Weitere Informationen

Genome editing (GE) is widely recognized as an effective and valuable technology in life sciences research. However, certain genes are difficult to edit depending on some factors such as the type of species, sequences, and GE tools. Therefore, confirming the presence or absence of GE practices in previous publications is crucial for the effective designing and establishment of research using GE. Although the Genome Editing Meta-database (GEM: https://bonohu.hiroshima-u.ac.jp/gem/) aims to provide as comprehensive GE information as possible, it does not indicate how each registered gene is involved in GE. In this study, we developed a systematic method for extracting essential GE information using large language models from the information based on GEM and GE-related articles.

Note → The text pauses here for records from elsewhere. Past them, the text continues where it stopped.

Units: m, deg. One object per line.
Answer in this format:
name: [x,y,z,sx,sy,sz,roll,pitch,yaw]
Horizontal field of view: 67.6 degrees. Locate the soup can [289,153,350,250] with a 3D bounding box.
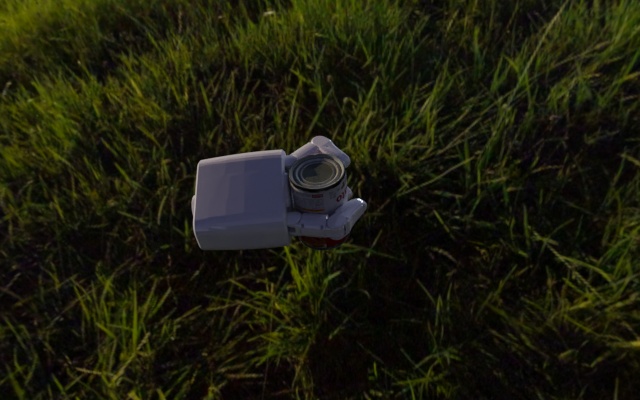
soup can: [0.001,0.002,0.578,0.068,0.102,0.068,-4,44,3]
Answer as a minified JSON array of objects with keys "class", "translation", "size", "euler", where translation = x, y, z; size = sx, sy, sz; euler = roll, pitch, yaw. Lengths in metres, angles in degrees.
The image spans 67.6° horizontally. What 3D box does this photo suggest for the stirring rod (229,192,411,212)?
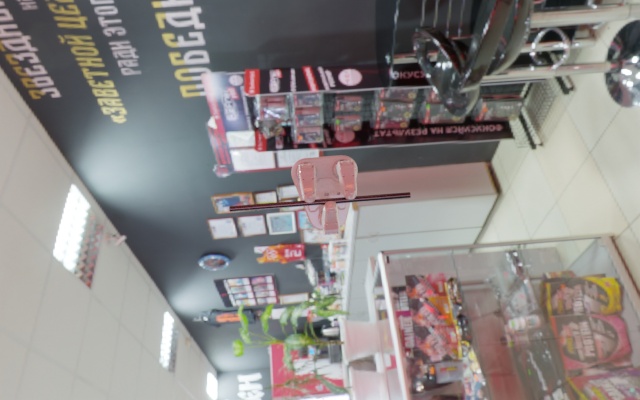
[{"class":"stirring rod","translation":[0.000,0.002,0.635],"size":[0.239,0.011,0.011],"euler":[-4,0,-2]}]
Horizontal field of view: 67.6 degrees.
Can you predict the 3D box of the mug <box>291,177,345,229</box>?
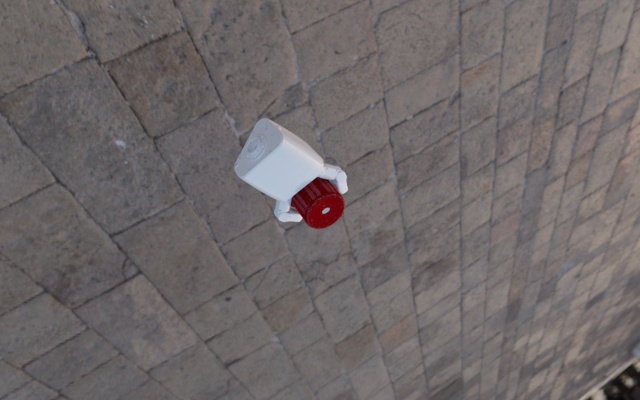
[{"bbox_3d":[0.001,0.004,0.895,0.117,0.093,0.081,28,17,-44],"label":"mug"}]
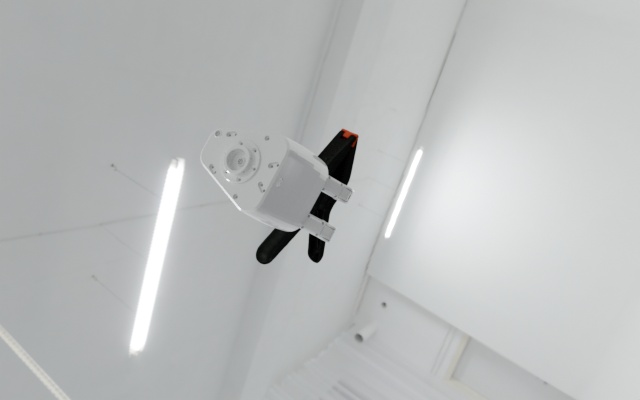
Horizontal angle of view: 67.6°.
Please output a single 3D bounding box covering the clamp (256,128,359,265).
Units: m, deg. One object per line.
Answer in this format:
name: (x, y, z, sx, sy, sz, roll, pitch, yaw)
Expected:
clamp: (0.000, 0.001, 0.674, 0.036, 0.210, 0.164, 28, 0, 25)
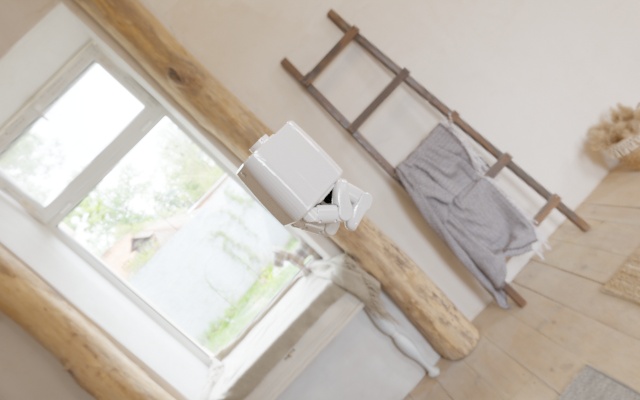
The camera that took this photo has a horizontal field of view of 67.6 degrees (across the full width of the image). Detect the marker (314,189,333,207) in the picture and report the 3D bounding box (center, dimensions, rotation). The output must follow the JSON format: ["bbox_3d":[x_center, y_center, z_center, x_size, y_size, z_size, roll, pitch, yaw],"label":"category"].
[{"bbox_3d":[0.000,0.002,0.734,0.020,0.020,0.121,0,-9,-19],"label":"marker"}]
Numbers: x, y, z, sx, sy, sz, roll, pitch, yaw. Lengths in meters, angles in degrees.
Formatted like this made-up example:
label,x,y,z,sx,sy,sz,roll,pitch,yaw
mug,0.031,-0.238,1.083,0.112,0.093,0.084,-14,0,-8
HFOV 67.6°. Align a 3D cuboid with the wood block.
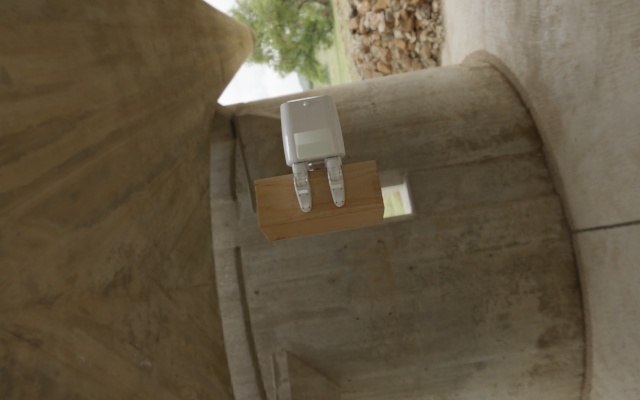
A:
label,x,y,z,sx,sy,sz,roll,pitch,yaw
wood block,0.000,0.002,0.825,0.206,0.090,0.091,-9,-19,2
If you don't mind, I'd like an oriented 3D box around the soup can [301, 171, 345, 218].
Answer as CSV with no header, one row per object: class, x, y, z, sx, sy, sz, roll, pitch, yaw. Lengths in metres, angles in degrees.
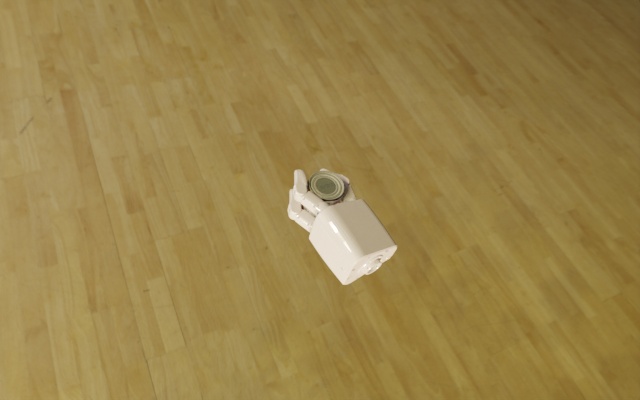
soup can,0.000,0.002,0.864,0.068,0.068,0.102,0,-36,-15
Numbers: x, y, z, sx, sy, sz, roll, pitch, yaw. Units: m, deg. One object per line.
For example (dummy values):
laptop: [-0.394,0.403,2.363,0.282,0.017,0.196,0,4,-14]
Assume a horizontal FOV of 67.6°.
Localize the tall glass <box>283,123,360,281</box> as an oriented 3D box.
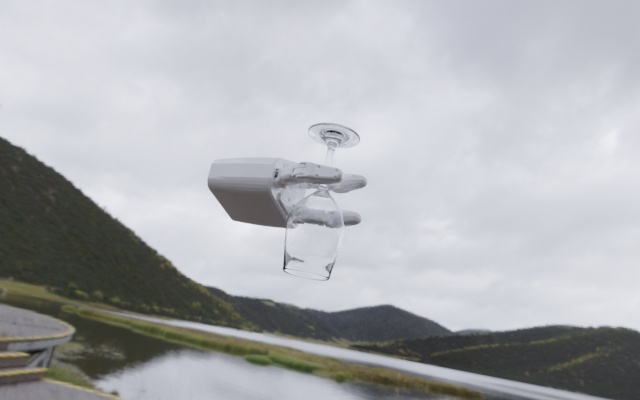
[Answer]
tall glass: [0.000,0.001,0.639,0.079,0.201,0.079,10,-17,3]
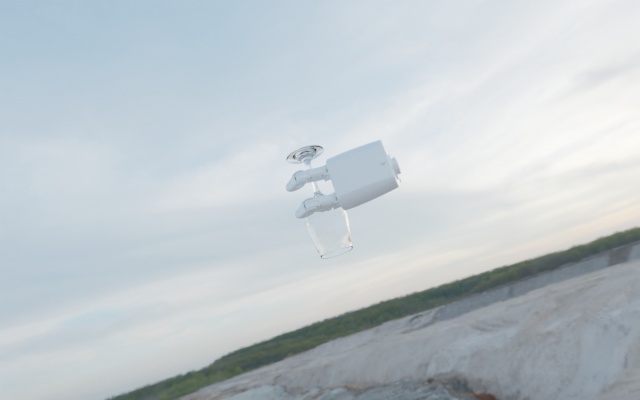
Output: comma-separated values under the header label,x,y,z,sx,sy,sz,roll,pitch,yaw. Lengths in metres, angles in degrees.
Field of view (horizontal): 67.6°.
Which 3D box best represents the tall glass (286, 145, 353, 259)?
label,x,y,z,sx,sy,sz,roll,pitch,yaw
tall glass,0.000,0.002,0.881,0.079,0.201,0.079,-16,-16,-5
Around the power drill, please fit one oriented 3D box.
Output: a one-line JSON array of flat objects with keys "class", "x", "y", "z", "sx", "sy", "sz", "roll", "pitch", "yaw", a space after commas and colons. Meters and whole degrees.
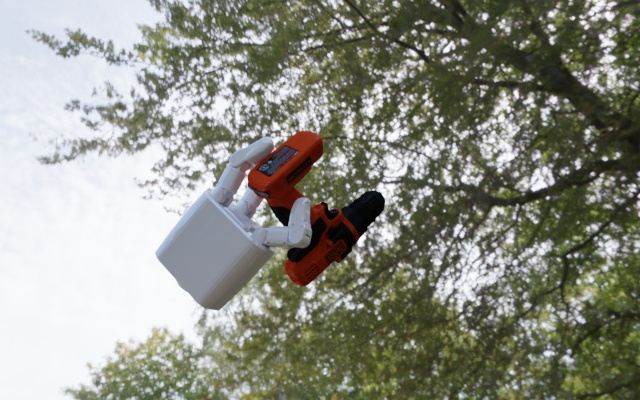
[{"class": "power drill", "x": 0.000, "y": 0.002, "z": 0.644, "sx": 0.184, "sy": 0.188, "sz": 0.057, "roll": -43, "pitch": 37, "yaw": -19}]
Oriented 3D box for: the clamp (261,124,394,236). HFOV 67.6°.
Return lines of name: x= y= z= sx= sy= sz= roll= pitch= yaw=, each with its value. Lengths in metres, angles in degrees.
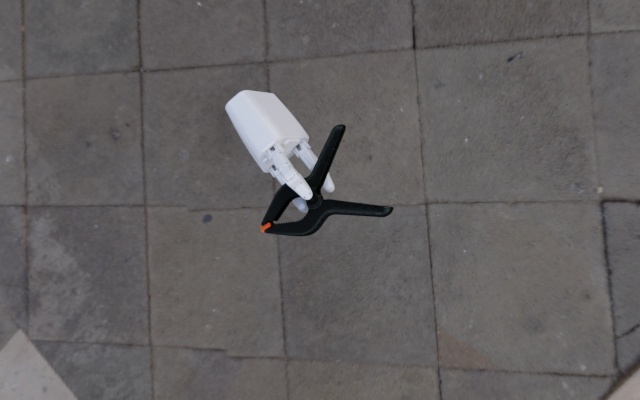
clamp: x=-0.001 y=0.003 z=0.762 sx=0.210 sy=0.164 sz=0.036 roll=-38 pitch=-14 yaw=10
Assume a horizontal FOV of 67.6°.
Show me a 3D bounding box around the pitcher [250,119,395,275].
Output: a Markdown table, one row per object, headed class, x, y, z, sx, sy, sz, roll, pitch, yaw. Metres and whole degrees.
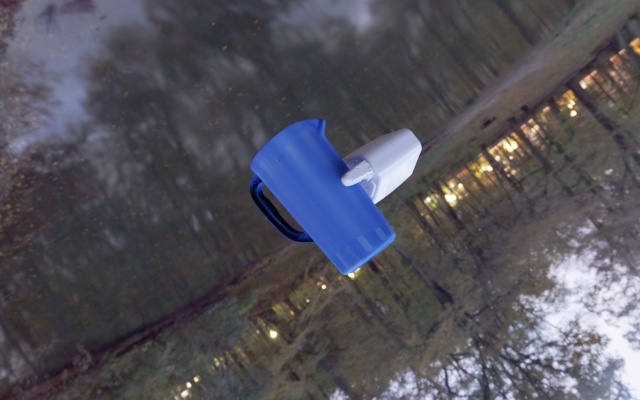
| class | x | y | z | sx | sy | sz | roll | pitch | yaw |
| --- | --- | --- | --- | --- | --- | --- | --- | --- | --- |
| pitcher | 0.000 | 0.002 | 0.780 | 0.145 | 0.243 | 0.149 | -35 | -8 | -22 |
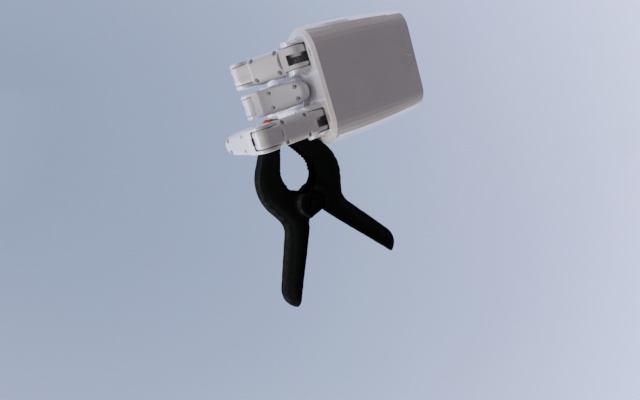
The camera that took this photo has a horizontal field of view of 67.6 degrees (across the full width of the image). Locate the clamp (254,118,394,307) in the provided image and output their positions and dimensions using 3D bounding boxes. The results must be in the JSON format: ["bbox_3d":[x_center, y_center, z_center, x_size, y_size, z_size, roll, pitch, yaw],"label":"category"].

This approach allows for a systematic and efficient investigation of GE information that cannot be achieved using the current GEM alone. In addition, by converting the extracted GE information into metrics, we propose a potential application of this method to prioritize genes for future research. The extracted GE information and novel GE-related scores are expected to facilitate the efficient selection of target genes for GE and support the design of research using GE. Database URLs:  https://github.com/szktkyk/extract_geinfo, https://github.com/szktkyk/visualize_geinfo.
(© The Author(s) 2025. Published by Oxford University Press.)